Luna took hold of the device and asked Ray, over her Battalion communicator, to sing their favorite song to her. A Sam Cooke number that he used to sing when they sat on the hood of his car watching the stars. Ray sang and wept until the magnetic interference became too strong, and then could only watch as there was a vast explosion of light and color in the sky, and then the magnetic storms finally faded in a burst that matched the sign of Scorpio, and left it slowly fading across the night.
The world mourned Captain Scorpion, the hero of the hour. Her legacy remains conflicted, with many trying to paint her as less radical than she often was. But it was impossible to deny her influence, especially as her teammates and others exposed not just some of the conspirators who had enabled Windchill’s final scheme, but the systems that let them do so unchecked.
The Battalion mourned their friend, the first founding member to die. She remains a highwater mark for heroism, and a reminder that it goes beyond merely saving today, but rather thinking about how to improve tomorrow.
Students in Chicago mourned the loss of Ms. Church, assumed to be one of many to have died in the collateral damage from the storms. Her students would go on to be leaders and thinkers, but also merely better men, women, and people from the care and education she gave them.
And Ray mourned Luna, the love of his life. He never remarried, instead moving on with his life with quiet and solemn dignity. He became a principal and superintendent, guiding the school district of their hometown with an able hand until retirement, after which he remained a volunteer tutor and community organizer. A photo of him and his wife, degrees in one hand, marriage certificates in the other, sat atop his desk at school every day.
–
Possible Plot Seeds & Campaign Uses
- Politically outspoken heroes during Captain Scorpion’s lifetime could easily be approached to join protests or demonstrations. This may make them a target of her own enemies like Ironsight or the Sculptor. It would also mean that the police and other authorities may take a dim view of the PCs rocking the boat.

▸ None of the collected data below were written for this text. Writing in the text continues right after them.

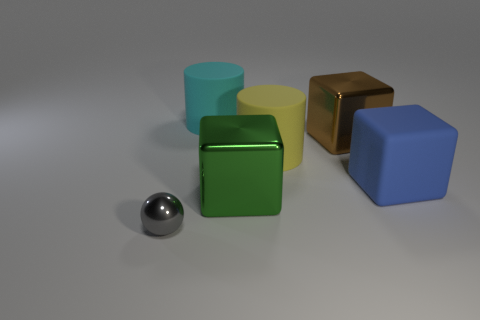How many objects are behind the green metallic block?
Give a very brief answer. 4. There is a big matte object on the right side of the big cylinder on the right side of the big cyan matte cylinder; what is its shape?
Your answer should be very brief. Cube. What is the shape of the big blue object that is made of the same material as the large cyan object?
Offer a terse response. Cube. There is a green block that is in front of the brown block; is its size the same as the metal thing that is behind the green metallic cube?
Provide a short and direct response. Yes. What is the shape of the metallic object behind the big blue rubber block?
Provide a short and direct response. Cube. The small sphere is what color?
Ensure brevity in your answer.  Gray. There is a cyan thing; is it the same size as the metal object that is in front of the big green metal cube?
Your answer should be compact. No. What number of matte things are either small gray balls or red objects?
Make the answer very short. 0. Is there anything else that has the same material as the brown block?
Keep it short and to the point. Yes. Does the ball have the same color as the large cylinder that is in front of the large cyan cylinder?
Your answer should be compact. No.

Are they willing to take a stand despite not quite having the power and profile of Captain Scorpion to protect them? (Of course they are, they’re heroes!) She may ask PCs to help protect a march, knowing that if someone plans violence against protestors that they’d likely aim to distract her and lure her elsewhere.

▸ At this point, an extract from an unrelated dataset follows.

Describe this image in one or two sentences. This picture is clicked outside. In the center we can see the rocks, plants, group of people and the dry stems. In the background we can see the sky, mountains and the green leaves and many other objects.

- A game of teen superheroes could easily have Ms. Luna Church or Mr. Ray Church as their mentor:
**Captain Scorpion would be reluctant to see young people, even powered ones, endanger themselves as heroes – until one of the PCs gives a good speech about doing their part regardless of age. She’d be a firm but fair mentor, and since she can’t be everywhere she could be used by a GM to rescue PCs in over their heads without always stealing their fire - her responsibilities with the Battalion or her visits to Ray in Texas could mean that she is unable to arrive until dramatically convenient.
**Ray as a mentor could occur after Captain Scorpion gives her life. His small Texas town, unlike Chicago, never had superheroes before so a group of teen heroes there would quickly attract his attention, and he may find the PCs before they realize who he is! He’d emphasize the importance of spending time with loved ones as well as being a hero, and while he couldn’t join in battle, he’s resourceful and still has many of the world’s greatest heroes in his rolodex if need be.

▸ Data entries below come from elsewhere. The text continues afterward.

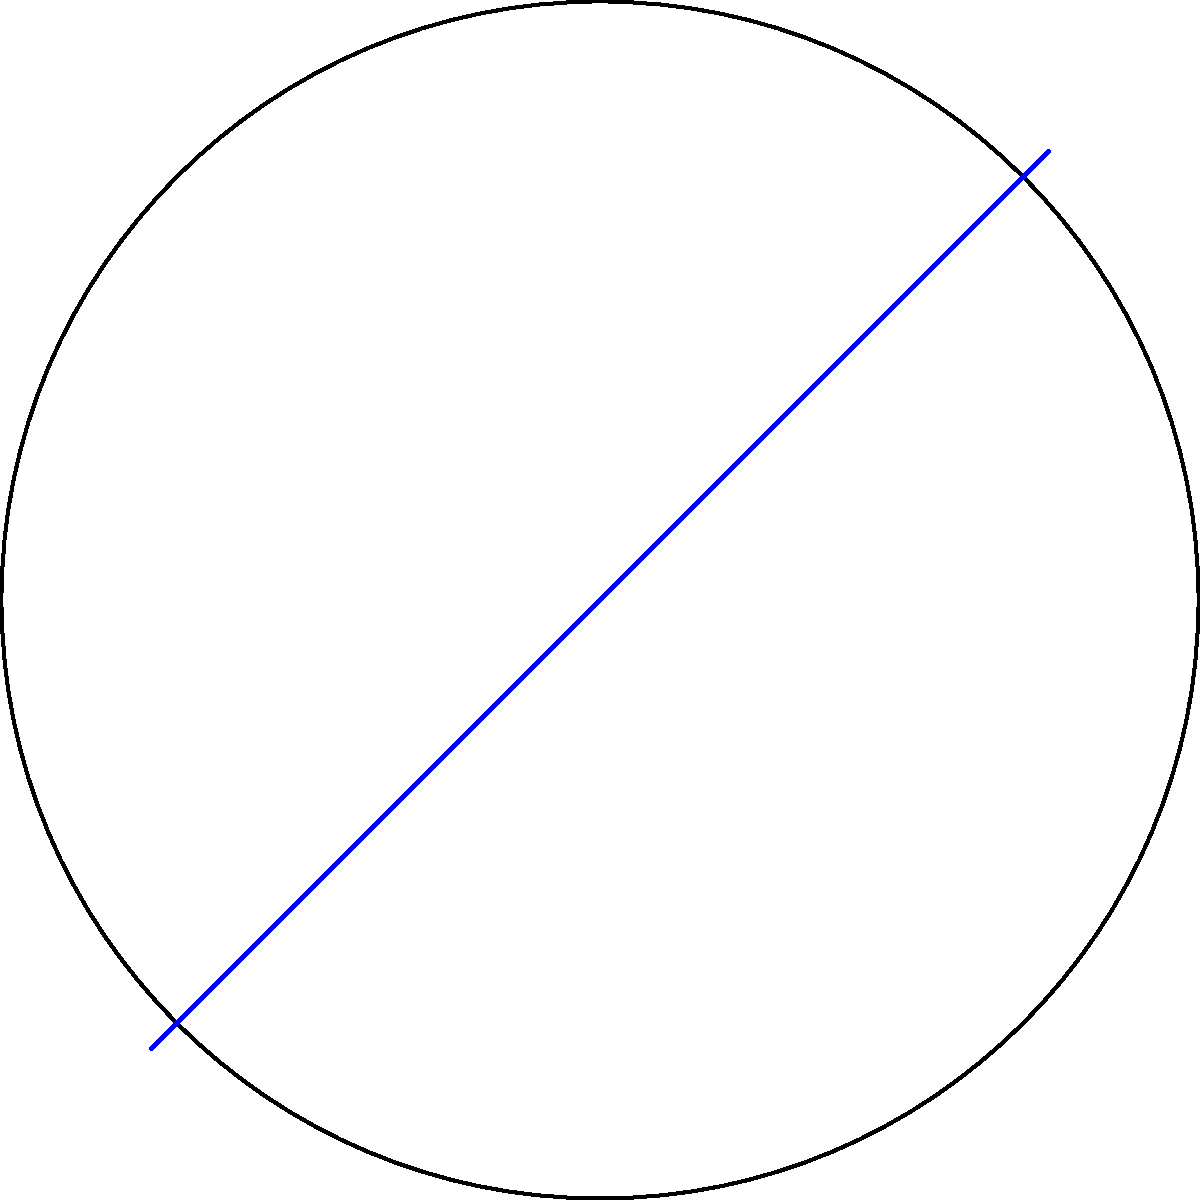On the Oregon Ducks' new non-Euclidean basketball court, which is shaped like a disk in the Poincaré model of hyperbolic geometry, a player needs to run from point A to point B. Which path represents the shortest distance between these two points: the straight line (blue) or the curved arc (red)? To determine the shortest path in the Poincaré disk model of hyperbolic geometry, we need to consider the following steps:

1. Recognize that in hyperbolic geometry, straight lines are represented by arcs perpendicular to the boundary circle of the Poincaré disk.

2. Observe that the red arc in the diagram is part of a circle that intersects the boundary of the disk at right angles.

3. Understand that in hyperbolic geometry, the shortest path between two points (known as a geodesic) is represented by these perpendicular arcs in the Poincaré disk model.

4. Note that the blue line, while appearing straight in Euclidean geometry, does not represent the shortest path in hyperbolic geometry.

5. Conclude that the red arc, being a geodesic in the Poincaré disk model, represents the shortest path between points A and B in this non-Euclidean court.

This concept is crucial for understanding how players would navigate most efficiently on such a hypothetical non-Euclidean court, demonstrating that the intuitive straight line is not always the optimal path in non-Euclidean geometries.
Answer: The curved arc (red path)

- I’ll eventually explain more about the Zodiac Council and the Zodiac Champions. Earth has only ever had the one, Captain Scorpion, but other worlds had different ones. And in your campaign, a player might be selected as Captain Scorpion instead. Or one of the other Zodiac Champions. While a full list will come later, some examples are Starbull, Zodiac Champion of Taurus, the Sign of Power, and Sentinel Leo, Zodiac Champion of Leo, the Sign of Faith. I’m inventing some symbolism and associations for the Signs, so don’t feel beholden to existing cultural / astrological significance.